You need a WRITTEN budget in place, with the actual amounts of money coming in, and your major expenses in exact dollar amounts (housing, insurance, groceries, savings, and utilities). Sit down with a hard copy calendar, and write in when bills are due, and the actual amount. Then figure out how you’re going to cover those expenses, while ensuring there’s food on the table, gas in the car, and a roof over your head.
Details matter – you need real numbers, and if in doubt, round up (another of my favorite strategies).
If you have no idea what the actual spending amounts are, start tracking.
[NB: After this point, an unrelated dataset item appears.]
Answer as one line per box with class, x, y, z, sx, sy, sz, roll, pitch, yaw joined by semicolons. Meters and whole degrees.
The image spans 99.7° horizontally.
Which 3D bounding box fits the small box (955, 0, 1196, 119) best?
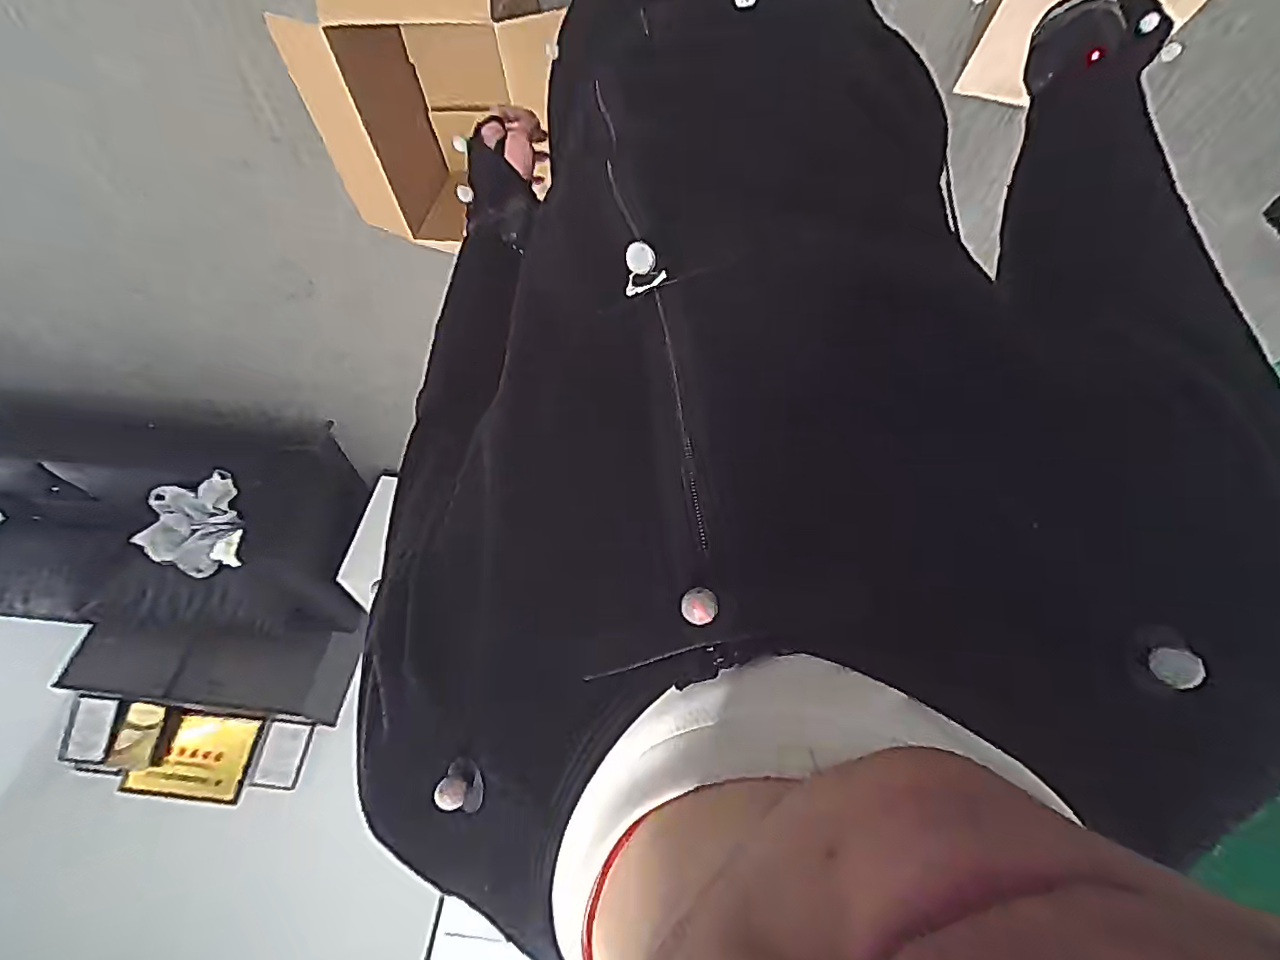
small box;0.470;-0.533;0.577;0.168;0.179;0.176;20;-179;9

Either pull the info from your online banking app, or keep hard copies of receipts, but by the end of the day, sit down with a piece of paper and write this stuff down.
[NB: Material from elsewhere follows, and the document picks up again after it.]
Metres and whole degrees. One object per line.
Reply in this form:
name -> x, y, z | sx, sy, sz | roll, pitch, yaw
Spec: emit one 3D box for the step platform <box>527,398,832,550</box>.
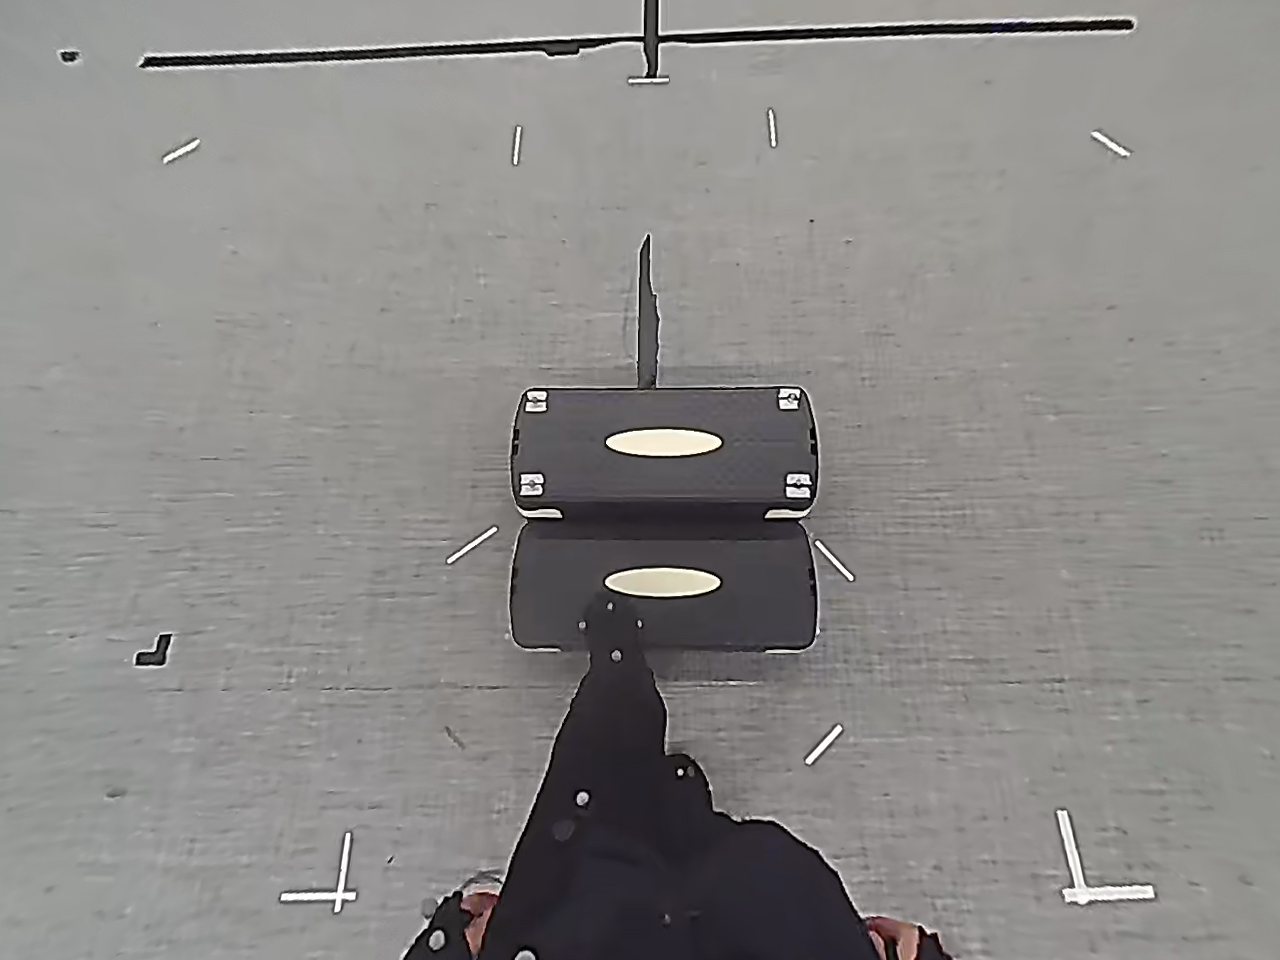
step platform -> 0.085, -0.015, 1.260 | 0.684, 0.204, 0.286 | 4, 70, 2

You got it – WRITE IT DOWN. Old school advice in our high tech age, but there’s something about actually writing down numbers that forces us to actually appreciate our spending habits (and if you’re trying to stretch your $1500 paycheque to cover living expenses for four people, three $20 stops at your local coffee shop doesn’t make much sense).
A written plan gives you the big picture of your monthly expenses – and you can apply it to see the patterns over the year. You can adjust your spending to avoid leaking money on unnecessary expenses and plug up some holes in your financial plan. Maybe that $20 a week takeout coffee habit (at over a $1000 a year) is costing you more than you realized.